• _How to complete this task_
Which lines in the data contain the word "Numbers"? Please copy each of them.

▬▬▬▬▬▬▬▬▬▬

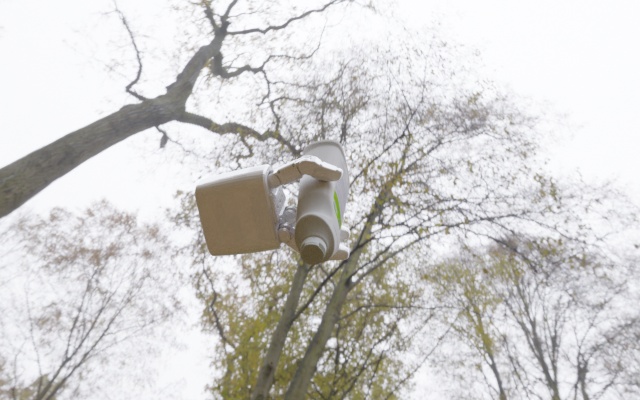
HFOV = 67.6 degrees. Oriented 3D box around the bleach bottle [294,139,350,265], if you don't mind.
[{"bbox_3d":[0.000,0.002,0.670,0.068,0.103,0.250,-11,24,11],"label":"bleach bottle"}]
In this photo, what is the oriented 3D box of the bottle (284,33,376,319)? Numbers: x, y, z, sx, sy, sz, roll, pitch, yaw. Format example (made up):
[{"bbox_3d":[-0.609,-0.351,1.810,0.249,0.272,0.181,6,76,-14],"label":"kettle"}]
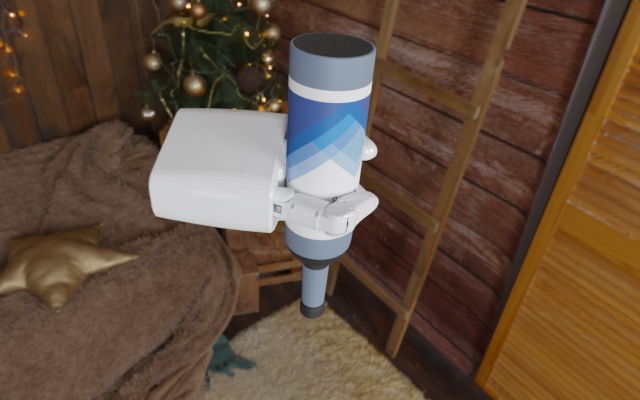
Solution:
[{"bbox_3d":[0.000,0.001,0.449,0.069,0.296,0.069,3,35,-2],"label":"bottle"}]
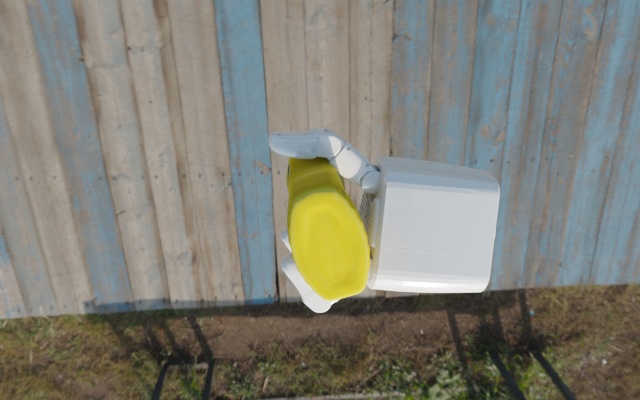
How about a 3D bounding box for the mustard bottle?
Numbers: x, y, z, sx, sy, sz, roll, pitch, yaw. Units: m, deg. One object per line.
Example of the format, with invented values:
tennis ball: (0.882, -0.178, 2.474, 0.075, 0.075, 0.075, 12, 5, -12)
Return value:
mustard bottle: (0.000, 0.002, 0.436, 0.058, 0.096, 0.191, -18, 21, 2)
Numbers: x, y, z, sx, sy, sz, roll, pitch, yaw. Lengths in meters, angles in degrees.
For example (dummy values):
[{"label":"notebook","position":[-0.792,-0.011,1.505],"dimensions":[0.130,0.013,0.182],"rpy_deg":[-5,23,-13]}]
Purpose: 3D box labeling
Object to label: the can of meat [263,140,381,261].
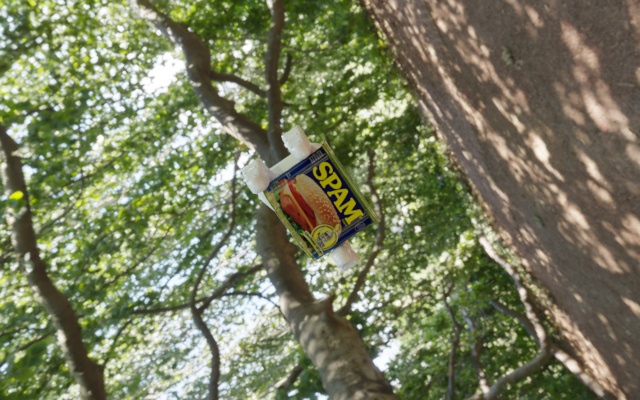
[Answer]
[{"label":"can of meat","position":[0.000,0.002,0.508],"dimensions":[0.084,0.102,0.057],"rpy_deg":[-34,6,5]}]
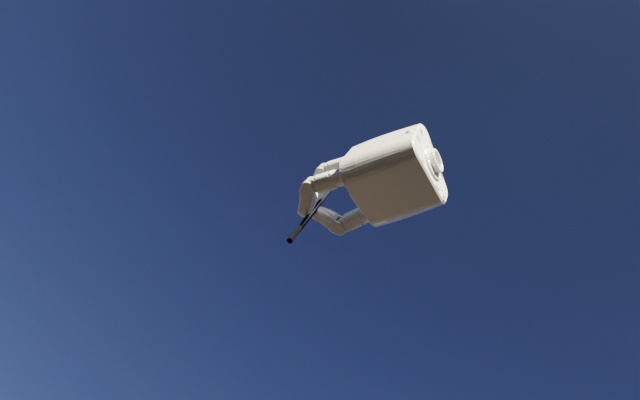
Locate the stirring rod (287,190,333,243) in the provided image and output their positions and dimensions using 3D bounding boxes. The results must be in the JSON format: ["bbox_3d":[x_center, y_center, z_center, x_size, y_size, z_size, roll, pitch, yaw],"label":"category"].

▬▬▬▬▬▬▬▬▬▬

• _Result of this task_
In this photo, what is the oriented 3D box of the bottle (284,33,376,319)? Numbers: x, y, z, sx, sy, sz, roll, pitch, yaw. Format example (made up):
Numbers: x, y, z, sx, sy, sz, roll, pitch, yaw. Units: m, deg. One object per line.
Numbers: x, y, z, sx, sy, sz, roll, pitch, yaw. Lengths in meters, angles in degrees.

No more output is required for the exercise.